Музыка заполняла пробелы в актерских диалогах, когда развитие сюжета принимало непредсказуемый для зрителя оборот и сулило не сформулированный вербально или не поддающийся описанию риск (герой в такой опасности!) или, напротив, непередаваемо счастливую развязку (героиня так влюблена!). Таким образом, мелодии, звучащие «оттуда» и «везде» в зале, синхронизировались с чувствами зрителя, вызывая ощущение «чего-то» важного или даже центробежного, выходящего за рамки языка и подмостков. Полное значение действия находилось «везде, вокруг нас», за пределами сцены и сценария. Гармонии вызывали ощущение вездесущей справедливости или универсального страха например. Ритмически предсказуемая структура музыкального произведения и даже всего спектакля всегда возвращала зрителя «обратно» при помощи ожидаемого хеппи-энда. Опять катарсис: кульминация, момент наивысшего напряжения (временная опасность) плюс предсказуемый хеппи-энд — это как взгляд из окна на неведомые «просторы» незнакомых ситуаций, чтобы потом, под сладкие рефрены, доносящиеся из ямы, бежать обратно домой. Где все тихо, спокойно и безопасно.
В театре или кинозале зримая реальность представляется только на одной стене, впереди. Звук, однако, везде: отвернуться от музыки или ее ритмичных тактов растущей напряженности, например, невозможно. Если усилители включены очень громко, то слышимая действительность пробивает даже стены зала. Слышимые ритмы создают наши ощущения комфорта (приюта) или дискомфорта (пугающих нас просторов) лучше, чем зрительные образы. Мелодрамы, страшилки или сентиментальные комедии своей музыкой вызывают чувство, что «все так и есть везде». Это ощущение вездесущности, а не аргумент. Ритм и музыка совершенствуют самые убедительные истории реальности (настоящей, универсальной любви или полного, вездесущего ужаса).

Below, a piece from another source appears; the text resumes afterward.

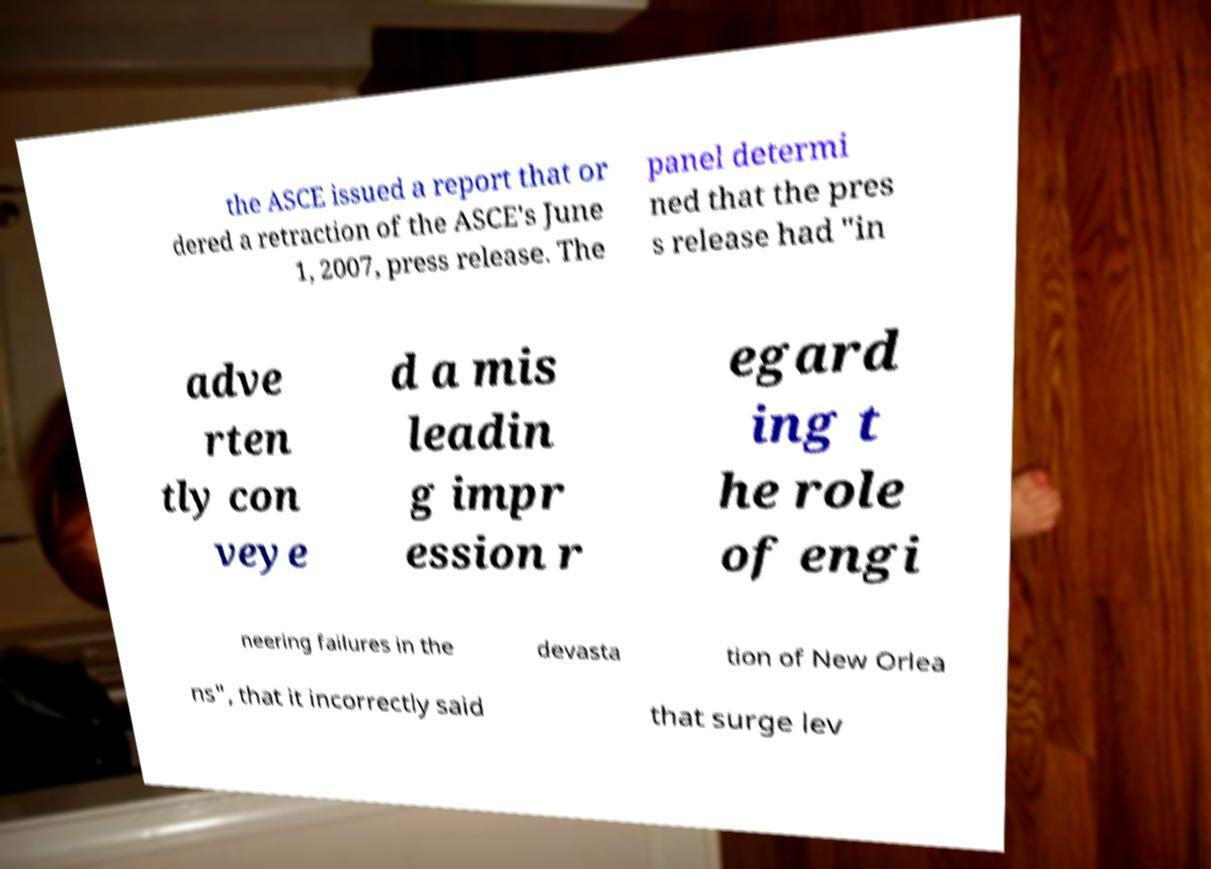Please read and relay the text visible in this image. What does it say? the ASCE issued a report that or dered a retraction of the ASCE's June 1, 2007, press release. The panel determi ned that the pres s release had "in adve rten tly con veye d a mis leadin g impr ession r egard ing t he role of engi neering failures in the devasta tion of New Orlea ns", that it incorrectly said that surge lev

Музыкальный ритм, создающий впечатление еще большего окружающего пространства, действует на разных уровнях: и внутренне (на ум или эмоции), и внешне (на методы общения). Логично поэтому сделать вывод, что подобная «музыкальность информации» влияет на познавательные функции.[130] Она воздействует на отношения между членами любого «коллектива» и, соответственно, на их собственные представления о себе. Ведь музыка — сугубо общественная форма активности: ее исполняют вместе с другими и для других.

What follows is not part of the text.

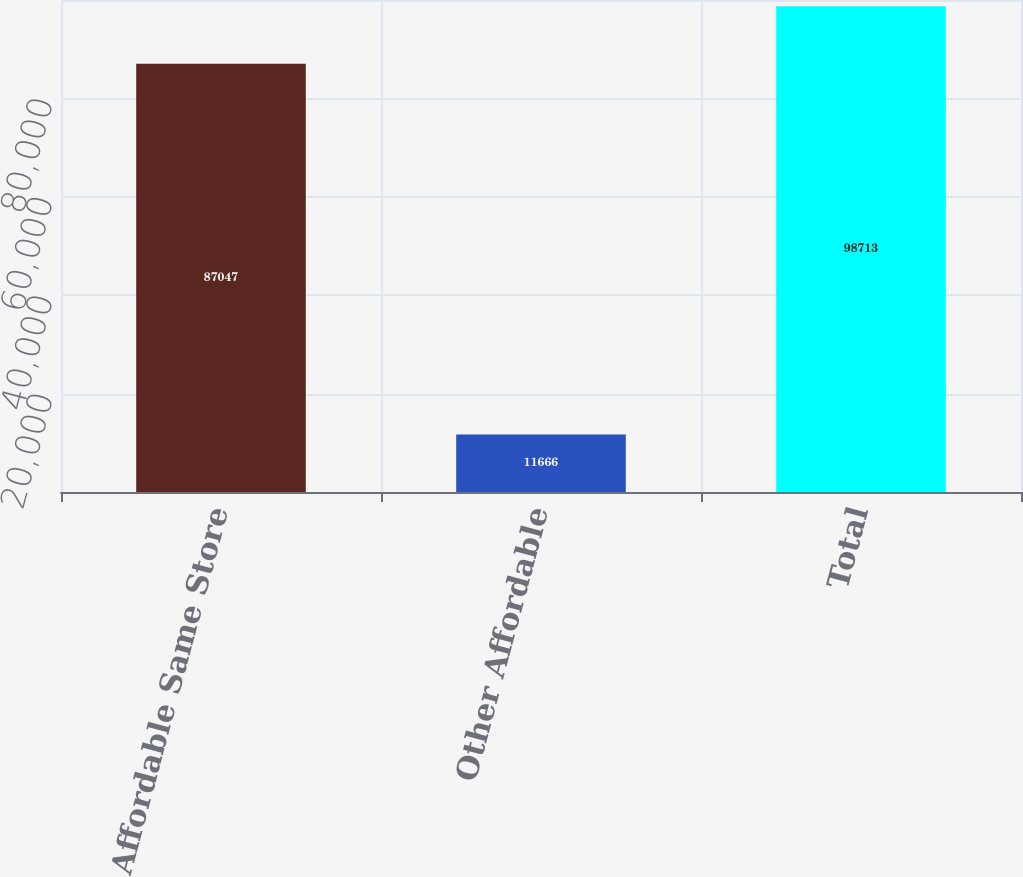Convert chart to OTSL. <chart><loc_0><loc_0><loc_500><loc_500><bar_chart><fcel>Affordable Same Store<fcel>Other Affordable<fcel>Total<nl><fcel>87047<fcel>11666<fcel>98713<nl></chart>

Музыкальность как способ русского общения, безусловно, содержит, как мы уже видели, позитивно оцениваемую идею бесцельности или непрактичности. Она медленно выводит нас на улицу, где нет дорог, только направления. За пределы логического мышления и отчаянных, нецензурных понтов, но при их помощи, так как музыкальность мата выявляет смысл того, что не поддается грамматическому выражению. Смысл того, что пока неведомо и неизъяснимо.

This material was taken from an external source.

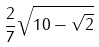Convert formula to latex. <formula><loc_0><loc_0><loc_500><loc_500>\frac { 2 } { 7 } \sqrt { 1 0 - \sqrt { 2 } }</formula>

Страшные звуки настоящего: русский язык после перестройкиЧтобы не застрять окончательно в далеком прошлом или абстракциях антропологии, приведем несколько параллелей с недавним общественным опытом. Уже к концу 1980-х в России советские ученые делали упор на музыку как на психологическое орудие: с возвращением психоанализа в СССР печаталось много исследовательских трудов о крушении надежд в молодом поколении, о рок-музыке, например, и шансах на безмятежное будущее. Молодежная культура сама уже становилась способом выражения протеста против «коррупции и отчуждения личности».[131] Она протягивала руку помощи увеличивающейся экспансивности, разрушая старые границы.